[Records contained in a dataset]
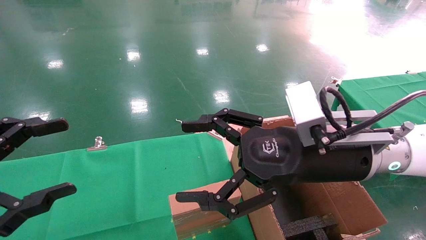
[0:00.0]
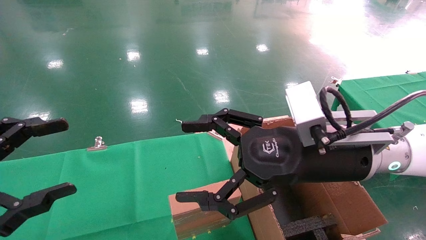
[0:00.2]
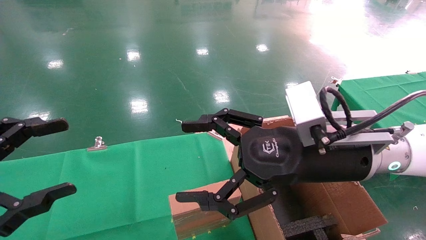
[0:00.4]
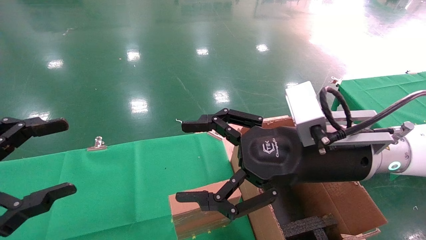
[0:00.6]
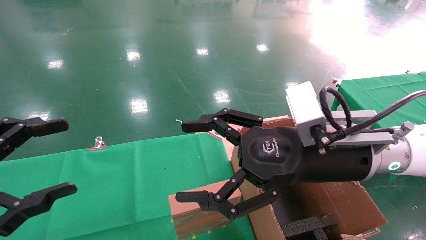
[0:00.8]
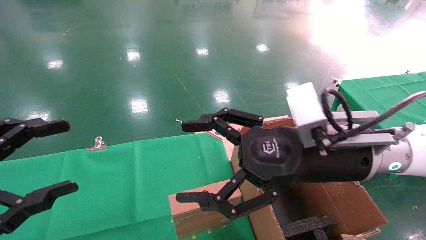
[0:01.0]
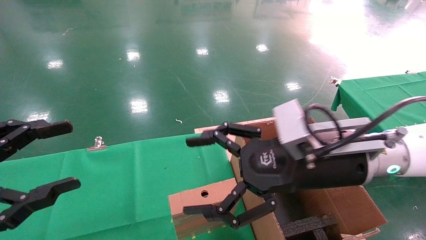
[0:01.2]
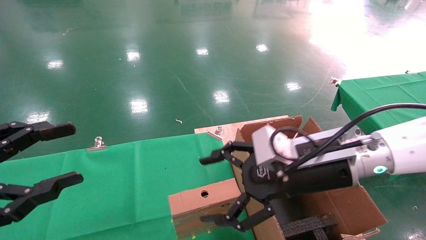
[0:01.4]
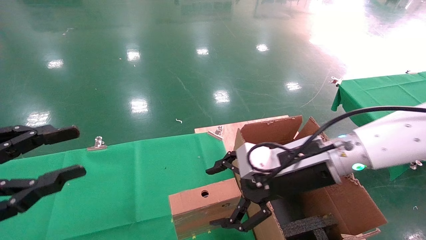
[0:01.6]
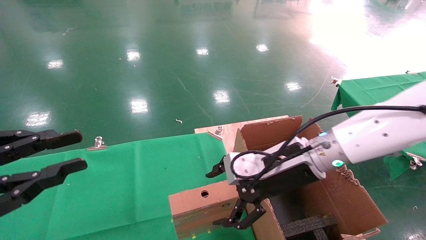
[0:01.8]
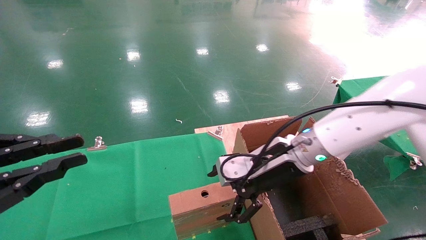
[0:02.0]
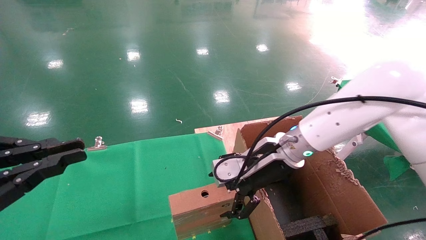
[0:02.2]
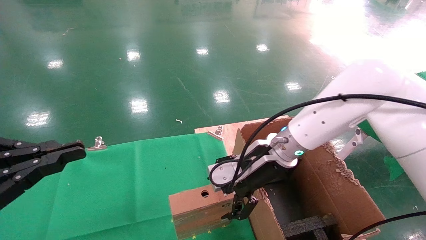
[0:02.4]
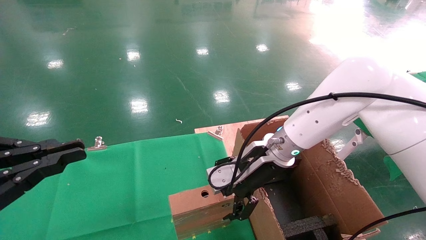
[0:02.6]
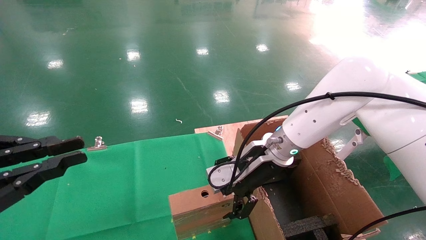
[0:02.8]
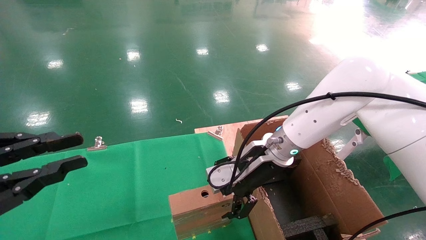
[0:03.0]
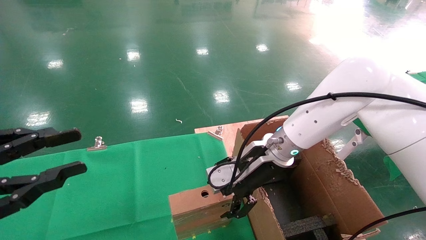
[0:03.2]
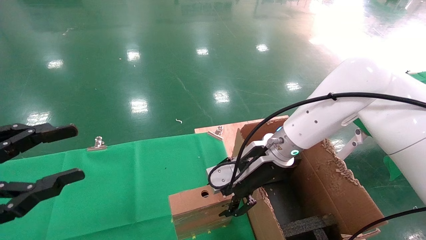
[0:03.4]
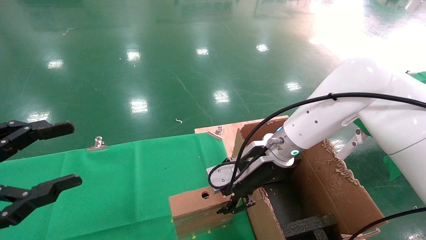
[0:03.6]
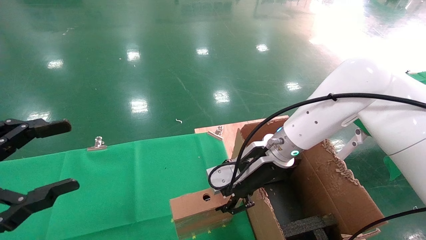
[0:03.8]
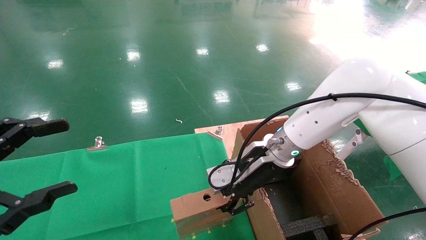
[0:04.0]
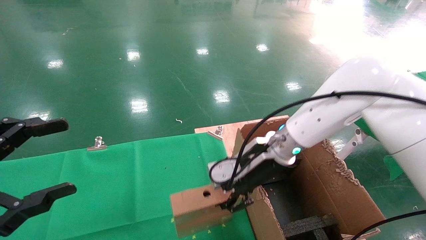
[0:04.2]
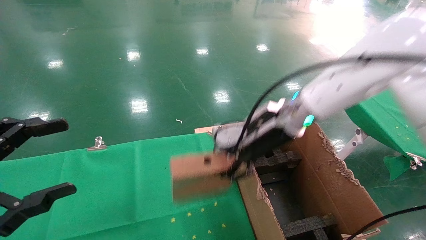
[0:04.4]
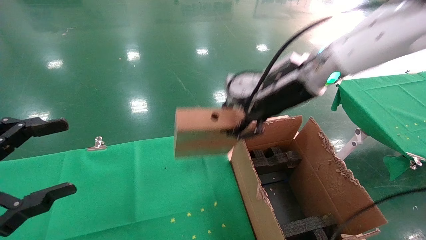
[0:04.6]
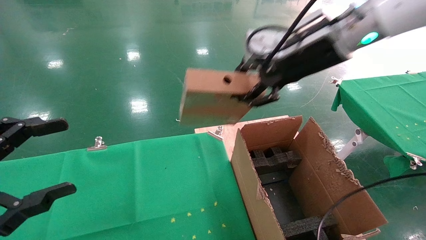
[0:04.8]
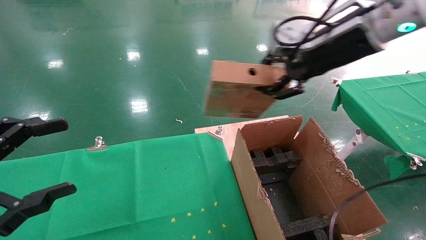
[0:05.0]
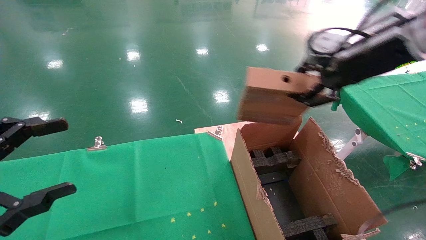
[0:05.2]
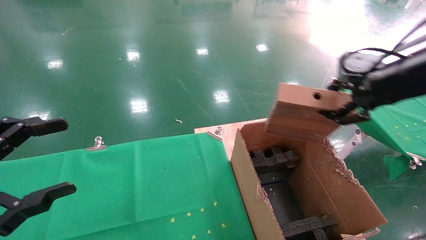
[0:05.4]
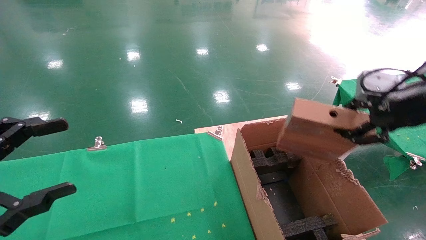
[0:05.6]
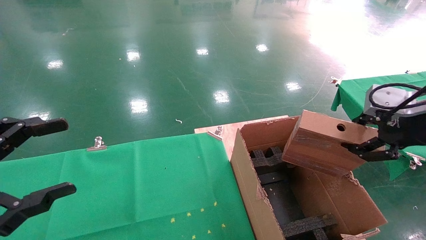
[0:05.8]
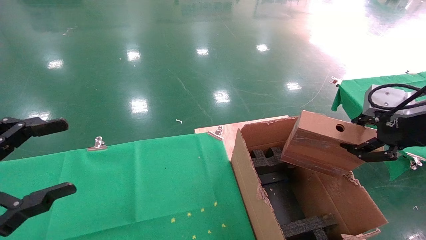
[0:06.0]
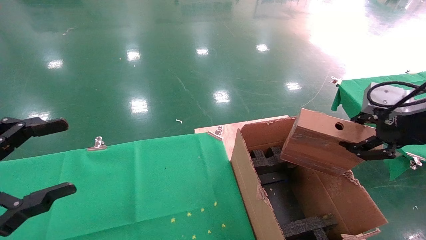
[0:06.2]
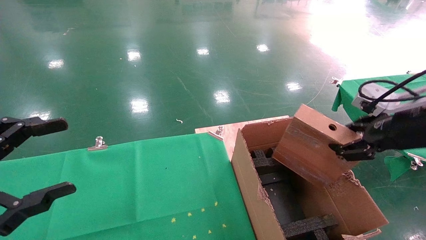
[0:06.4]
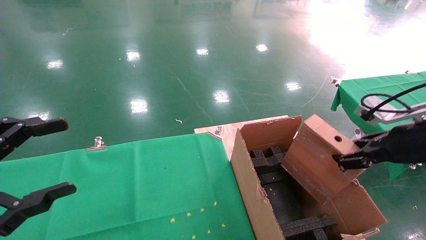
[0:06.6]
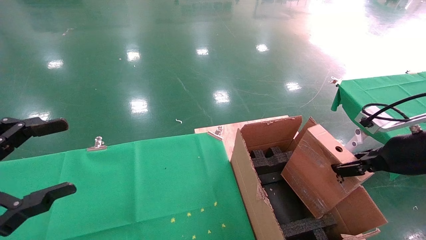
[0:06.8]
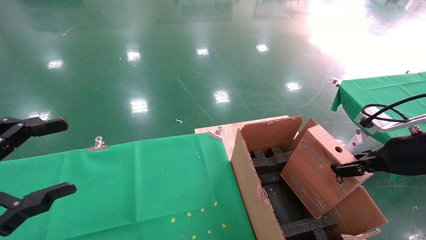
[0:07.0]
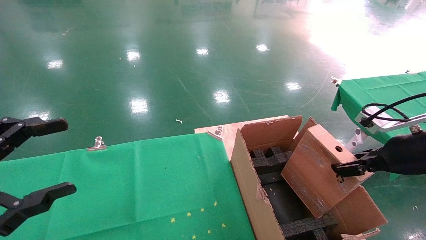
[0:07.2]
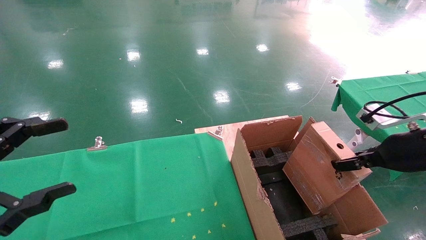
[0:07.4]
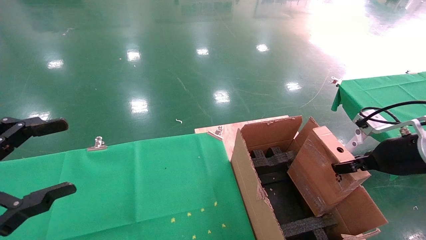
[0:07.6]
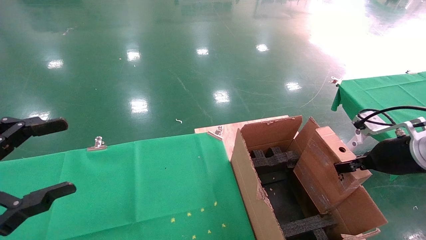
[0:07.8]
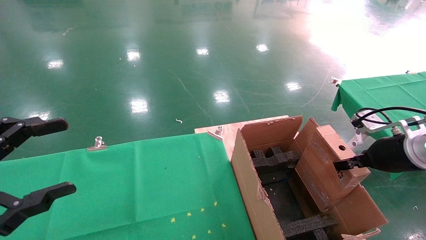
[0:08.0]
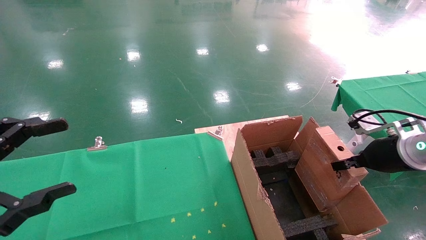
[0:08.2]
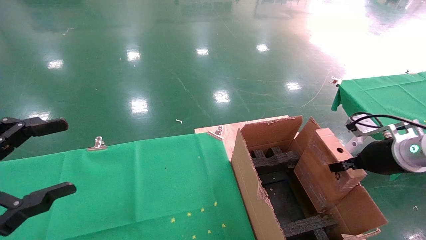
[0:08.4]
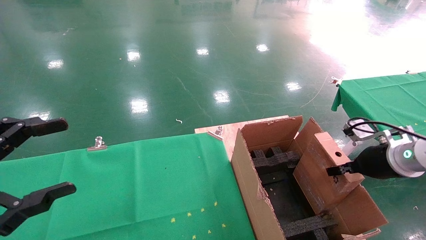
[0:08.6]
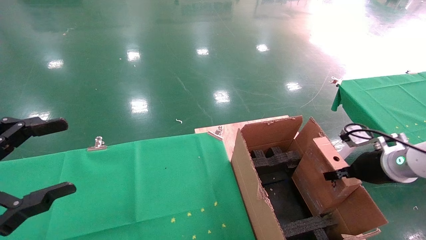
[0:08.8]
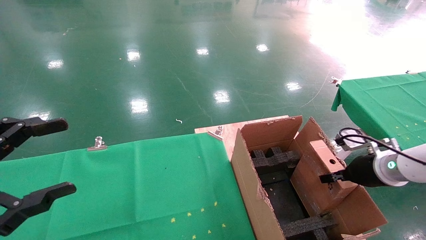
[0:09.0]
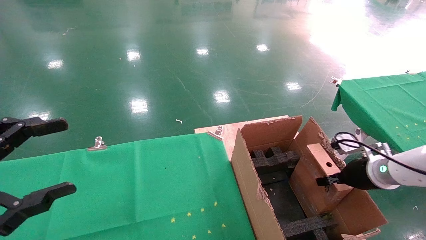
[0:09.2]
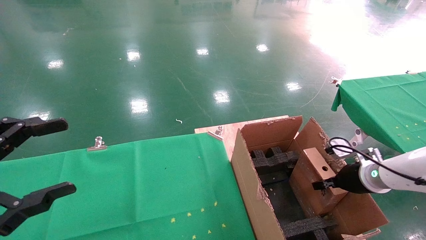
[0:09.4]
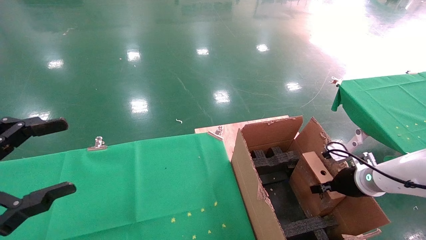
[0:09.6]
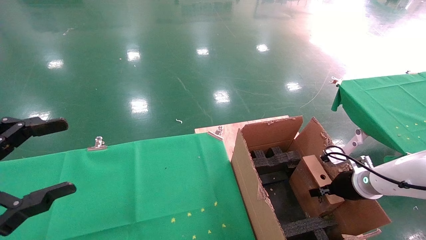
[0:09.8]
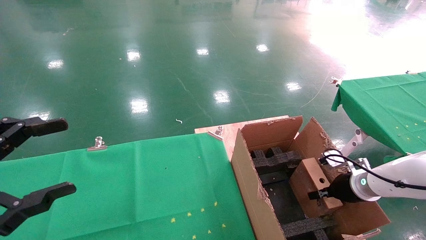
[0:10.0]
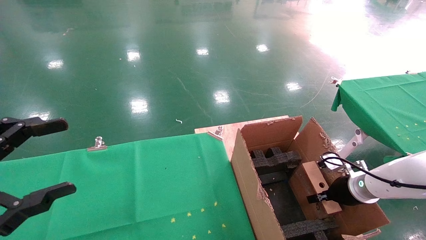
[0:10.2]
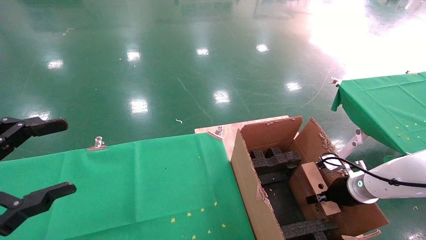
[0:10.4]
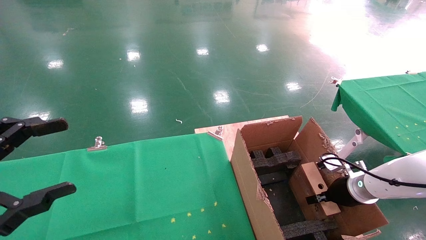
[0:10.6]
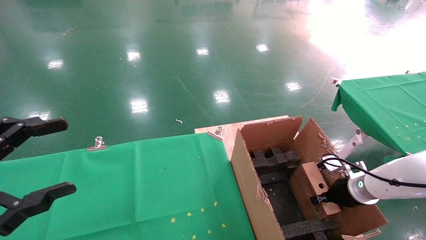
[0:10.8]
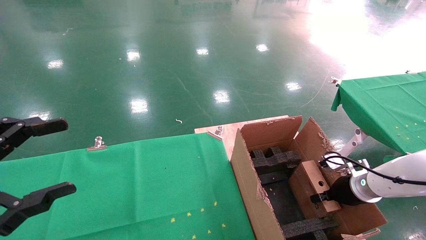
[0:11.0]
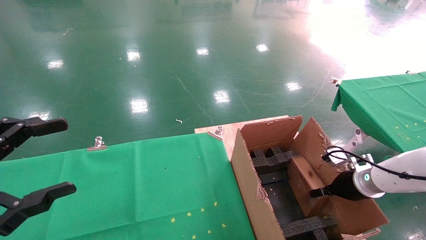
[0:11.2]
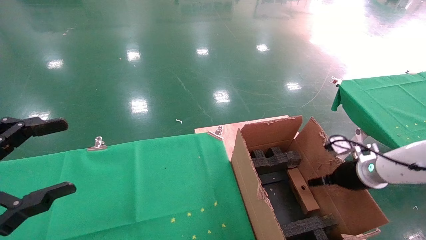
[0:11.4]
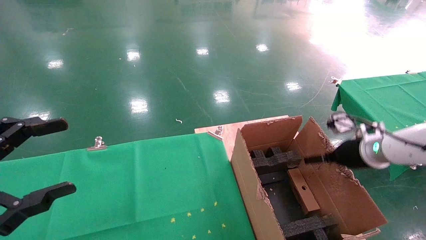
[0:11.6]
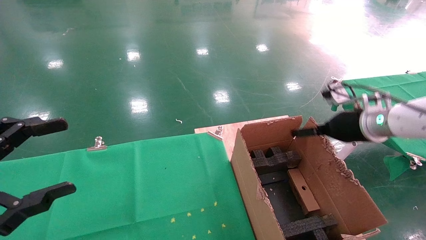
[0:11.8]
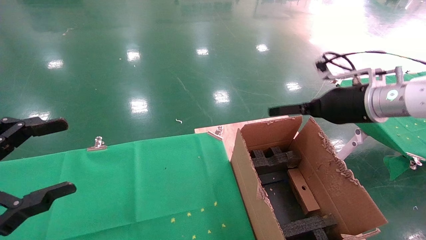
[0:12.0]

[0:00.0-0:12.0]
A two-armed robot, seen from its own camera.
Task of the whole recording: using a robotic arm to pick up a cardboard box and palace it the carton.
Step, 0:01.4 to 0:03.6: Pick up the mouse and the power cord paper box.
Step, 0:03.8 to 0:11.0: Place the mouse and the power cord paper box into the container.
0:00.0 to 0:01.6: The right gripper shifts by about 5 cm; the left gripper closes up.
0:01.6 to 0:03.0: The right gripper travels forward by some 10 cm. Meanwhile the left gripper closes up.
0:03.0 to 0:04.4: The left gripper opens its fingers. The right gripper goes some 10 cm upward, and closes up.
0:04.4 to 0:06.0: The right gripper goes about 25 cm to the right and backward.
0:06.0 to 0:07.6: The right gripper travels downward and forward by some 10 cm.
0:07.6 to 0:09.0: The right gripper goes approximately 10 cm downward and forward.
0:09.0 to 0:10.4: The right gripper heads downward, covering some 10 cm.
0:10.4 to 0:12.0: The right gripper is displaced upward by about 20 cm, and opens.

What you will do: All entries must be written out again exactly as given, with no pictures in the copy.

Answer box:
[0:00.0]
[0:00.2]
[0:00.4]
[0:00.6]
[0:00.8]
[0:01.0]
[0:01.2]
[0:01.4]
[0:01.6]
[0:01.8]
[0:02.0]
[0:02.2]
[0:02.4]
[0:02.6]
[0:02.8]
[0:03.0]
[0:03.2]
[0:03.4]
[0:03.6]
[0:03.8]
[0:04.0]
[0:04.2]
[0:04.4]
[0:04.6]
[0:04.8]
[0:05.0]
[0:05.2]
[0:05.4]
[0:05.6]
[0:05.8]
[0:06.0]
[0:06.2]
[0:06.4]
[0:06.6]
[0:06.8]
[0:07.0]
[0:07.2]
[0:07.4]
[0:07.6]
[0:07.8]
[0:08.0]
[0:08.2]
[0:08.4]
[0:08.6]
[0:08.8]
[0:09.0]
[0:09.2]
[0:09.4]
[0:09.6]
[0:09.8]
[0:10.0]
[0:10.2]
[0:10.4]
[0:10.6]
[0:10.8]
[0:11.0]
[0:11.2]
[0:11.4]
[0:11.6]
[0:11.8]
[0:12.0]

[0:00.0-0:12.0]
A two-armed robot, seen from its own camera.
Task of the whole recording: using a robotic arm to pick up a cardboard box and palace it the carton.
Step, 0:01.4 to 0:03.6: Pick up the mouse and the power cord paper box.
Step, 0:03.8 to 0:11.0: Place the mouse and the power cord paper box into the container.
0:00.0 to 0:01.6: The right gripper shifts by about 5 cm; the left gripper closes up.
0:01.6 to 0:03.0: The right gripper travels forward by some 10 cm. Meanwhile the left gripper closes up.
0:03.0 to 0:04.4: The left gripper opens its fingers. The right gripper goes some 10 cm upward, and closes up.
0:04.4 to 0:06.0: The right gripper goes about 25 cm to the right and backward.
0:06.0 to 0:07.6: The right gripper travels downward and forward by some 10 cm.
0:07.6 to 0:09.0: The right gripper goes approximately 10 cm downward and forward.
0:09.0 to 0:10.4: The right gripper heads downward, covering some 10 cm.
0:10.4 to 0:12.0: The right gripper is displaced upward by about 20 cm, and opens.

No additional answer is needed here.